Before applying to Lehman brothers summer trading internship at 21, I spent a year punting Eurostoxx futures with borrowed money at home, without job security, savings or anything like that. That has given me some good practice in losing. When I showed up on Lehman's Brothers trading floor I had nothing special going for me except a ‘childish’ belief that I was lucky for having survived to be there. My grades and uni were of worse caliber than pretty much everyone applying for analyst. I was not a math genius. But I was in the building, and that was a little win, and I cheerleaded myself for any little win that followed, whilst not beating myself down too much every time I messed up.
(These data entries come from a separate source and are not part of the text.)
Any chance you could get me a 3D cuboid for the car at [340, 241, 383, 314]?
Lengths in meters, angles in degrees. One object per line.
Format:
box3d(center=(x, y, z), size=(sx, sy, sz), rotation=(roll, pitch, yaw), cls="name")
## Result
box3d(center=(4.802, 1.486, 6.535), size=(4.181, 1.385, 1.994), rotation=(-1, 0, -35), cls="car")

Getting the internship, getting the job, getting more responsibility, getting your own capital to trade, making the first million in trading profits etc - win win win. All noticed and embodied in me being a winner. Forgetting to blotter a trade for my boss, messing up interactions with colleagues, losses (that are part and parcel of trading but still hurt) and being told off for them - all tough stuff. But I didn’t pay them as much weight as I did to the wins, so they wouldn’t knock down my confidence.
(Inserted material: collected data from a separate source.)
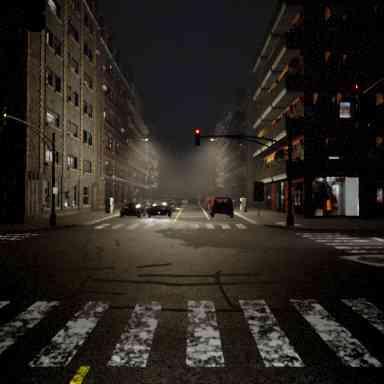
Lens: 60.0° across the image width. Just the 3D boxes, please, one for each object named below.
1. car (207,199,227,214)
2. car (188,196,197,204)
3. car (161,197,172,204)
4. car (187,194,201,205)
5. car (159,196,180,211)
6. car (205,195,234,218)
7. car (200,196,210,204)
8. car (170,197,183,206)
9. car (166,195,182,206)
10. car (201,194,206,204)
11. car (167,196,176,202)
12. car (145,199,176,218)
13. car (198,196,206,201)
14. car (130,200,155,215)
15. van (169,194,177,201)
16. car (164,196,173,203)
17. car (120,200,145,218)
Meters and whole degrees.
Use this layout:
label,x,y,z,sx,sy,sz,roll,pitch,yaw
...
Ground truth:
label,x,y,z,sx,sy,sz,roll,pitch,yaw
car,2.623,1.541,35.894,1.752,1.417,4.829,1,0,0
car,0.153,1.602,70.349,1.882,1.535,5.008,0,0,0
car,-5.223,1.668,69.061,2.008,1.369,4.403,1,0,0
car,0.174,1.552,59.909,1.882,1.535,5.008,0,0,0
car,-2.786,1.524,39.273,1.837,1.490,4.892,0,0,0
car,2.620,1.327,30.165,2.192,1.841,5.009,1,0,0
car,2.659,1.558,69.087,1.967,1.590,4.097,1,0,0
car,-2.680,1.620,59.568,2.033,1.411,5.357,0,0,0
car,-2.722,1.602,49.207,1.994,1.385,4.181,0,0,1
car,2.632,1.337,41.289,2.192,1.841,5.009,1,0,0
car,-5.204,1.766,85.751,2.008,1.369,4.403,1,0,0
car,-2.805,1.576,30.393,1.994,1.385,4.181,0,0,0
car,2.682,1.816,91.338,1.947,1.339,4.313,1,0,0
car,-5.258,1.581,35.689,1.947,1.339,4.313,1,0,0
van,-5.195,1.591,91.317,1.690,1.788,3.998,1,0,0
car,-5.216,1.673,74.453,1.752,1.417,4.829,1,0,0
car,-5.264,1.578,30.128,1.947,1.339,4.313,1,0,0

Being my own cheerleader here wasn’t planned. It just happened that I found out much later in life that this is actually how staying power is created.
So why is it that we crave external validation to tell us that what we are doing is worthwhile? Why can’t our own desire to just live and be present not be enough?
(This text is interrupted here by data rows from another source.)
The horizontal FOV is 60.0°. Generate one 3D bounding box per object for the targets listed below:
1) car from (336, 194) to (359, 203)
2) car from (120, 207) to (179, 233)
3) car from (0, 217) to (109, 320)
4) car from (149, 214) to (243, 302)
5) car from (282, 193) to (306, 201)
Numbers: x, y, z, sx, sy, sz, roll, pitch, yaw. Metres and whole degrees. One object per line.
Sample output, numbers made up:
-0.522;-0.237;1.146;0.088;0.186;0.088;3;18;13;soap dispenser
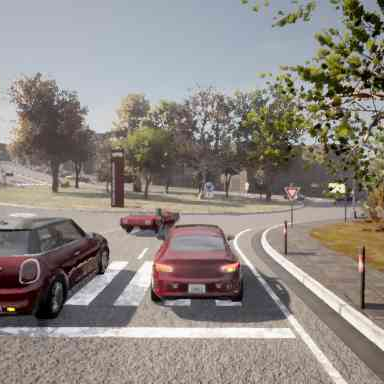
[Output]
24.616;0.885;52.532;2.033;1.411;5.357;1;2;44;car
-2.161;1.478;18.614;1.895;1.301;4.718;0;1;14;car
-3.374;1.330;7.438;2.097;1.767;4.553;0;1;1;car
0.105;1.498;8.074;1.812;1.442;4.674;0;0;0;car
17.353;0.792;57.045;1.895;1.301;4.718;0;2;-15;car

A mother raising 3 kids is often unable to do anything else. No cheerleading for many years, if ever, for that endeavor.
What about when you are older and need to learn the reason why it has value in itself to be able to just sit and appreciate the sunset, whilst producing nothing? Without anyone telling you that what you are doing is worthwhile? It is an intellectual journey just to realize why you having that experience with full attention has a lot of worthiness in itself.
These are the things we are pushed to investigate. And the answer, when found, is beautiful and penetrates the logical mind. But I digress… Back to the young and the restless.
What do I want to model for my son?
Not relying on external validation to give what he is doing meaning. This allows for a longer time horizon. Which is needed for mastery.
Being comfortable in the beginners seat, whilst doing something that very few will understand.
That this includes risk of failure, a highly uncertain pay off and no cheerleaders.
Realizing that needing them is just one of those weird conditionings we pick up in an always connected world.
Appreciating that when you have killed that need and are still doing the thing - you are likely onto something.
Then discarding any trace of the feeling of uselessness.
With full knowledge that this is a rational, productive act.
I hardly ever write a comment. This has to be one of the most inspiring substacks I've ever read. Thank you.
"A mother raising 3 kids is often unable to do anything else. No cheerleading for many years".
I look to your useful writing for inspiration constantly, so I'm really glad you cheerlead for yourself.